Wednesday, September 16, 2009

Black Dance and the White Audience

Ms. Nixon’s article was very interesting and triggered many different sentiments in me about dance in mainstream America. I feel that ‘dance’ has become something that is directly related to popular music and dance crazes in the United States and operate like fads; this week they are in and the next week they are out. Artists nowadays have to be triple threats: singers, dancers, and actors. There is no longer a respect for the beauty and power that comes with completely mastering one art. Now granted double and triple threats save industries a bundle and the return revenue is multiplied but I feel this attitude saturates the art’s arena and true professionals do not receive recognition. With age comes realization and for me I have realized that true art is hard to find. Today autotune rules the music world and pop locking and dropping rules the mainstream entertainment dance world.

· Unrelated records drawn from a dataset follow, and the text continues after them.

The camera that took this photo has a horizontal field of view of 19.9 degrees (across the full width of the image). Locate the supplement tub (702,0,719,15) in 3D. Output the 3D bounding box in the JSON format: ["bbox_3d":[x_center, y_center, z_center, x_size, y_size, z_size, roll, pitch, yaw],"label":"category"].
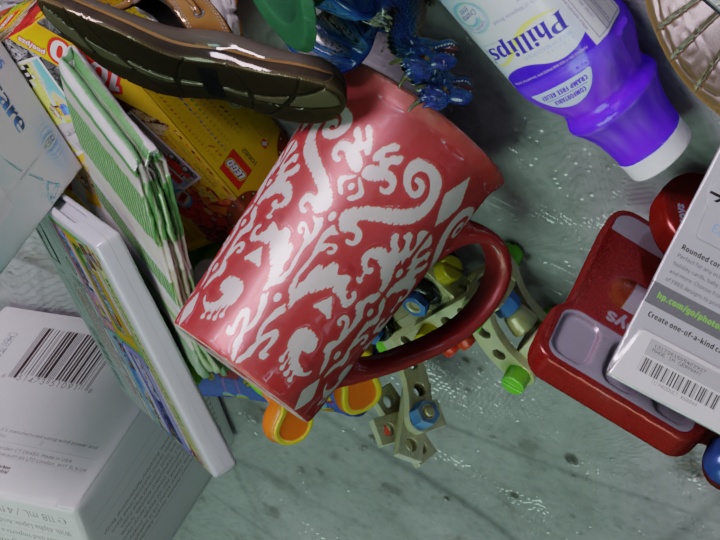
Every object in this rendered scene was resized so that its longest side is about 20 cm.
[{"bbox_3d":[0.238,-0.175,1.042,0.199,0.141,0.140,38,142,-8],"label":"supplement tub"}]

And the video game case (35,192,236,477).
[{"bbox_3d":[-0.168,0.035,1.455,0.182,0.022,0.201,32,150,58],"label":"video game case"}]

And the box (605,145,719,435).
[{"bbox_3d":[0.255,0.007,1.197,0.155,0.201,0.041,27,-179,6],"label":"box"}]

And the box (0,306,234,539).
[{"bbox_3d":[-0.242,0.151,1.673,0.197,0.201,0.131,7,135,28],"label":"box"}]

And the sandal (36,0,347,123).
[{"bbox_3d":[-0.099,-0.143,1.259,0.198,0.055,0.082,13,161,11],"label":"sandal"}]

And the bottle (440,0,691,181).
[{"bbox_3d":[0.119,-0.139,1.222,0.083,0.066,0.200,-23,117,44],"label":"bottle"}]

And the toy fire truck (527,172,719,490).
[{"bbox_3d":[0.214,0.052,1.282,0.199,0.168,0.112,32,142,-1],"label":"toy fire truck"}]

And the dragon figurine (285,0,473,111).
[{"bbox_3d":[-0.013,-0.163,1.259,0.198,0.100,0.059,21,141,14],"label":"dragon figurine"}]

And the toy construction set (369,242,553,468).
[{"bbox_3d":[0.070,0.052,1.453,0.131,0.092,0.200,41,130,-12],"label":"toy construction set"}]

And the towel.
[{"bbox_3d":[-0.146,-0.037,1.365,0.153,0.023,0.201,48,160,44],"label":"towel"}]

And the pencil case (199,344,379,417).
[{"bbox_3d":[-0.079,0.062,1.566,0.198,0.087,0.079,6,97,28],"label":"pencil case"}]

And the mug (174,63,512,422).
[{"bbox_3d":[-0.002,-0.003,1.308,0.177,0.201,0.133,36,174,2],"label":"mug"}]

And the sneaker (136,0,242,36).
[{"bbox_3d":[-0.136,-0.191,1.305,0.076,0.092,0.201,40,149,42],"label":"sneaker"}]

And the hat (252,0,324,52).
[{"bbox_3d":[0.015,-0.228,1.155,0.200,0.175,0.166,56,165,40],"label":"hat"}]

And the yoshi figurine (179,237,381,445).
[{"bbox_3d":[-0.071,0.050,1.457,0.112,0.112,0.200,32,-171,-46],"label":"yoshi figurine"}]

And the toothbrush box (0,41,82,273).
[{"bbox_3d":[-0.295,-0.056,1.359,0.085,0.201,0.147,-4,129,36],"label":"toothbrush box"}]

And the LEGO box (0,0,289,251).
[{"bbox_3d":[-0.163,-0.110,1.437,0.148,0.077,0.200,-19,120,45],"label":"LEGO box"}]

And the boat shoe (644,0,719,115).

Another issue I have begun to pay attention to is how the entertainment industry exploits art forms. When MTV or VH1 “discovers” a dance craze that has been in existence in American subcultures and communities for ages they generate a profit from pinning a face to the latest phenomenon and then pitching to the world as something NEW. This is done over and over from break dancing, to crumping, to “whining” (correctly spelled wine); things that have existed for years on the streets and in neighborhoods across America. Lately the use of gyrating hips and exotic dancer choreographer have hit air time. From Ciara’s LOVE SEX MAGIC to LADY GAGA to Beyonce’s Sweet Dreams. The “new” chorography includes “technique” that has been practiced in many West Indian communities for ages. Nevertheless since these moves have hit American airways no one can get enough of them. Exposure is something I believe is great, but at what cost. Many of these dances have been saturated in Pop culture when their true origins lie in soca, reggae, salsa, and meringue, something many television viewers have no knowledge of. Television networks will do mini-documentaries on celebrity’s houses however no one will take the time to investigate and spread the knowledge of where the wine came from. The danger in this reality is that it foster’s false ownership and with this phenomenon all that can truly arise is the permutation of ignorance across the nation and the world.